The present invention relates to an adsorption purification unit comprising the combination of a regenerative component comprising structured adsorbents and of an adsorber filled with a particulate adsorbent.
When gases are to be produced, separated or purified, use may be made of adsorption processes. Use is generally made of several adsorbers filled with adsorbent materials that are selective with respect to at least one of the constituents of the feed stream. There are two main adsorber technologies, one being axial bed adsorbers and the other radial bed adsorbers. In the first case, the gas circulates vertically through an adsorbent bed, in the second case the gas circulates radially, either from the inside toward the outside (relative to the adsorption phase) in centrifugal configuration, or from the outside towards the inside in centripetal configuration.
Within the context of the invention, mention will respectively be made of PSA (pressure swing adsorption), VSA (vacuum swing adsorption) and (V)PSA denoting one or other of the 2 units but also a combination of the 2.
The axial technology is not very expensive but when high flow rates are treated the pressure drops and the problems of attrition become limiting. Thus, starting from a certain flow rate to be treated, one solution consists in changing to radial geometry that results in a limitation of the pressure drops without an increase in the radius of the adsorber. Specifically, the radial adsorber offers an increased flow area for a given volume of adsorber and is not theoretically subject to a limitation with respect to the attrition phenomena. The bed of adsorbent may be suspended between vertical perforated grids suspended by the top. The best-known drawbacks of this radial technology are an increase in the dead volumes and a high manufacturing cost.
Nevertheless, another drawback linked to this radial technology appears when one of the beds is of smaller size compared to the others.
For example, a PSA or TSA adsorption process will be considered comprising two types of adsorbents (A and B) requiring passage of the gas through A before B in the adsorption phase and for which the amount of adsorbent B needed is very large relative to the amount A. Since the adsorber comprises 2 beds, 3 grids are generally used to hold the particulate materials. In centripetal radial configuration, the material A is located between the “outer” grid and the “intermediate” grid whereas the material B is held between the same intermediate grid and the “inner” grid. This A/B disproportion then accentuates, on the one hand, the difficulties in constructing said radial adsorber since the diameters of the outer and intermediate grids are similar, and consequently makes it difficult to maintain a uniform thickness of the bed due to non-ideal characteristics and possible deformations of the grids that could lead to preferential pathways in the zones where the screen thickness is less.

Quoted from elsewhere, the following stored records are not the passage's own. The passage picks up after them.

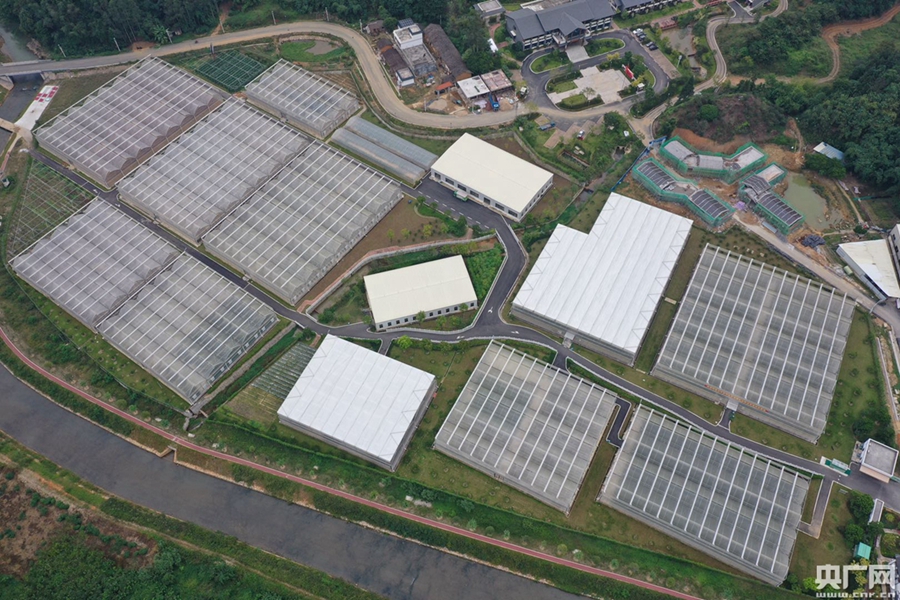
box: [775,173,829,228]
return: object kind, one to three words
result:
pond
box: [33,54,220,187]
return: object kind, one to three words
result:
greenhouse
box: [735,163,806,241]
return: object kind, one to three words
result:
building
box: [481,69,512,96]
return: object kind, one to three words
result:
house
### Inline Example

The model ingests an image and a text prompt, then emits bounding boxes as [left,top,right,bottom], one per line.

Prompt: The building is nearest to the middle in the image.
[364,255,477,329]
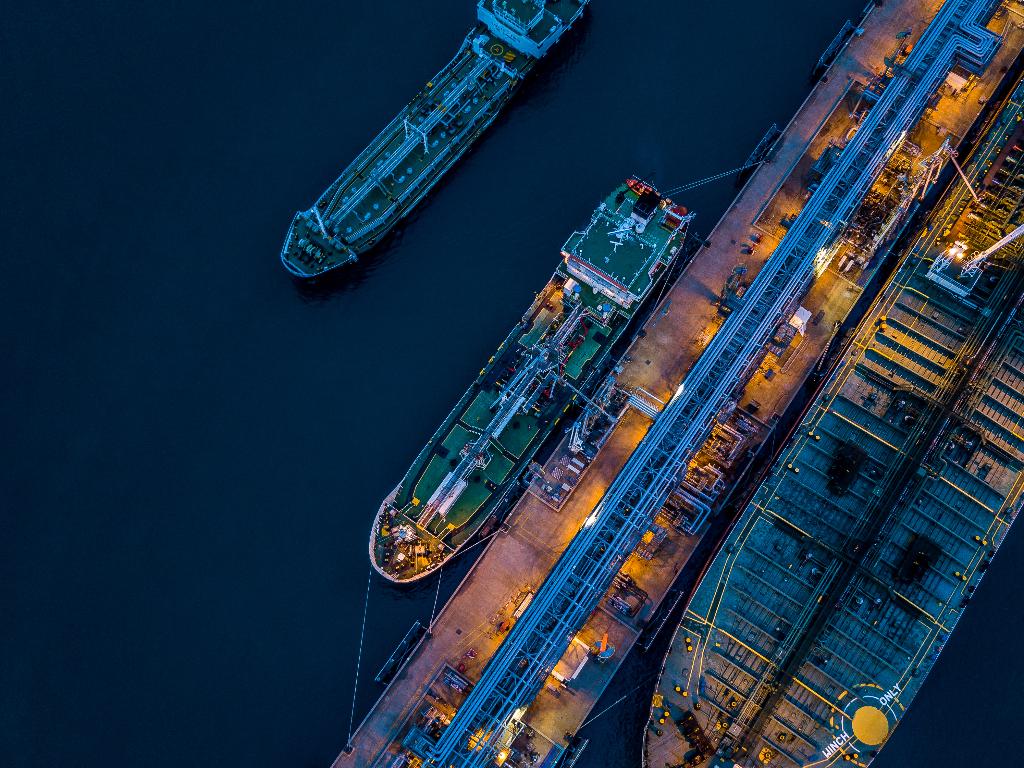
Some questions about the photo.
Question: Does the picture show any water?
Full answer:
Yes, some water is visible.
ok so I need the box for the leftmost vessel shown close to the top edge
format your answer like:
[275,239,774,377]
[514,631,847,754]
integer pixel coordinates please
[283,0,598,283]
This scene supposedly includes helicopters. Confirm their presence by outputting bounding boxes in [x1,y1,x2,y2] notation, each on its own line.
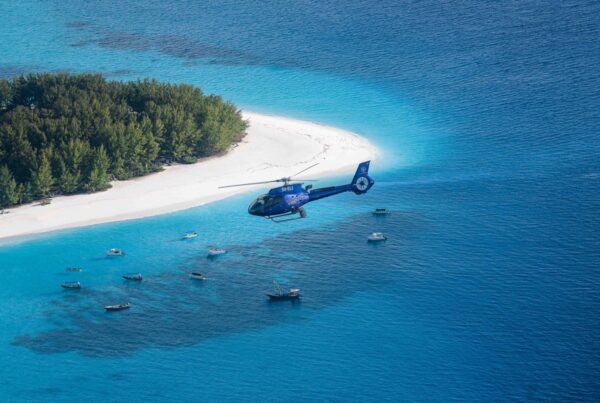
[219,160,374,223]
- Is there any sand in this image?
Yes
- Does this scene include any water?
Yes
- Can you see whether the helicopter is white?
No
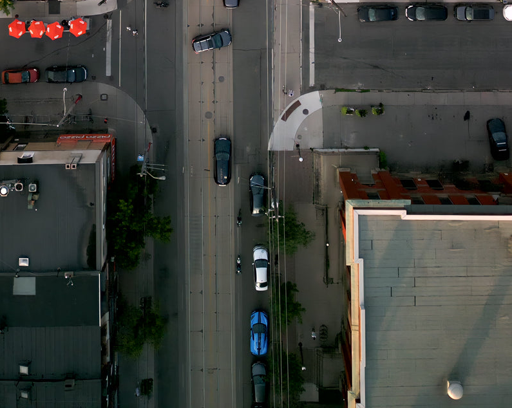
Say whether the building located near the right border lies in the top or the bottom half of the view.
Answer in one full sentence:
The building located near the right border is in the bottom half of the image.
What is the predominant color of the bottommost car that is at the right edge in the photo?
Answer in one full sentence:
The color of the bottommost car that is at the right edge is black.
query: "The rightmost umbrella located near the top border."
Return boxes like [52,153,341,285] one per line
[69,18,88,36]
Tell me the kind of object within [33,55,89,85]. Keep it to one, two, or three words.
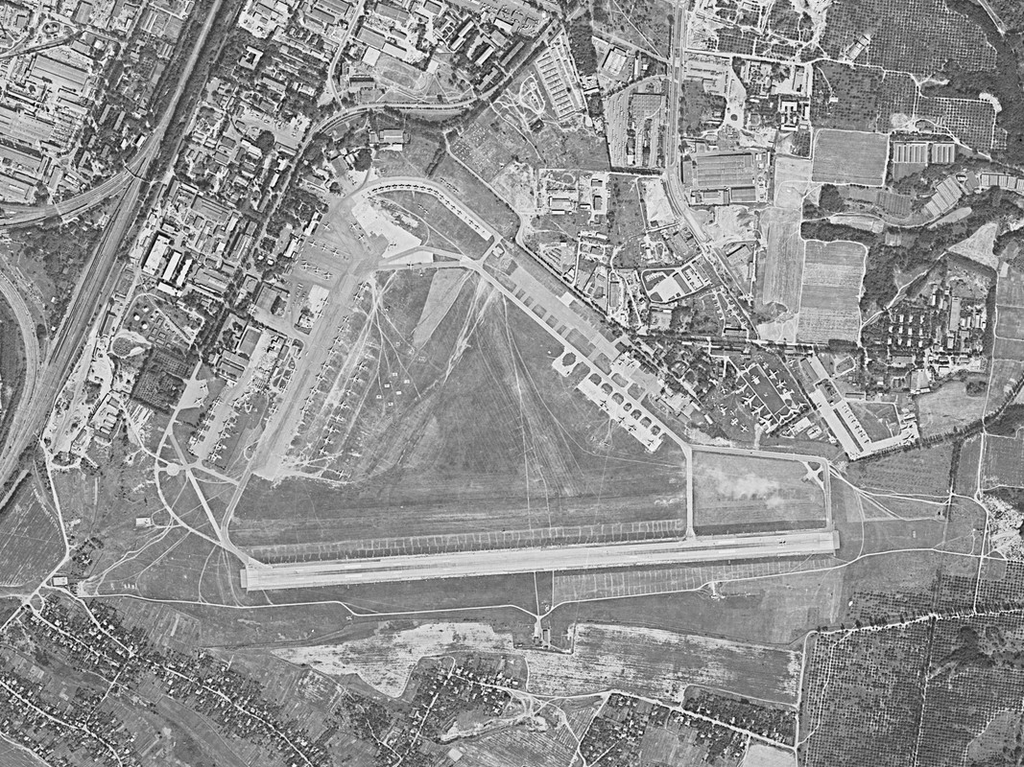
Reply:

To overcome these drawbacks, one solution consists in reversing the flow direction of the gases and also the distribution of the adsorbents, so that the adsorbent A is between the inner grid and the intermediate grid and the adsorbent B is between the intermediate grid and the outer grid. With a flow of the gas from the inside toward the outside of the vessel in the adsorption phase, the adsorber is therefore in “centrifugal radial” configuration (FIG. 1).
However, this centrifugal configuration may prove less energy-efficient than the centripetal solution. Mention will be made, for example, of the case of the O2 VSA process where this centrifugal configuration substantially increases the pressure drops and is consequently detrimental to the specific energy of the process, and also the case of TSA processes where the regeneration from the outside to the inside will increase the heat losses.
O2 VSA processes conventionally consist of two beds, the first being a low-volume layer of alumina (silica gel or certain zeolites are also used alone or in combination), the objective of which is to stop the water contained in the feed air and the second is a zeolite layer that selectively retains nitrogen with respect to oxygen.
One geometry that makes it possible to retain the centripetal configuration, referred to as the “mushroom” configuration, has been used for these O2 VSA processes. It consisted in installing in the bottom of the adsorber a layer of granulated alumina held between two grids with a radial circulation of the fluid, or more simply positioned in axial configuration. Although this solution makes it possible to retain a centripetal radial configuration for the zeolite, it nevertheless substantially complicates the construction and leads to a significant additional cost.
Also added to these hydrodynamic problems are drawbacks linked to the presence of several selective adsorbents. To mention the case of the O2 VSA process, the use of alumina in granular form, which as described above has the role of dehumidifying the gas to be treated, today limits the performance levels, in particular the specific energy and the productivity, of such processes. Specifically, the addition of an alumina layer to the adsorber substantially increases the dead volumes and also the pressure drops. Lastly, alumina, due to its physical properties, acts as a thermal insulator/accumulator leading to the storage of frigories at the interface with the screen, a phenomenon that is substantially detrimental to the specific energy of the system. Decoupling the alumina from one or more other adsorbents used would thus make it possible to benefit from significant savings in the pumping energy.
Starting from there, one problem that is faced is to provide a novel configuration that makes it possible to overcome all these drawbacks.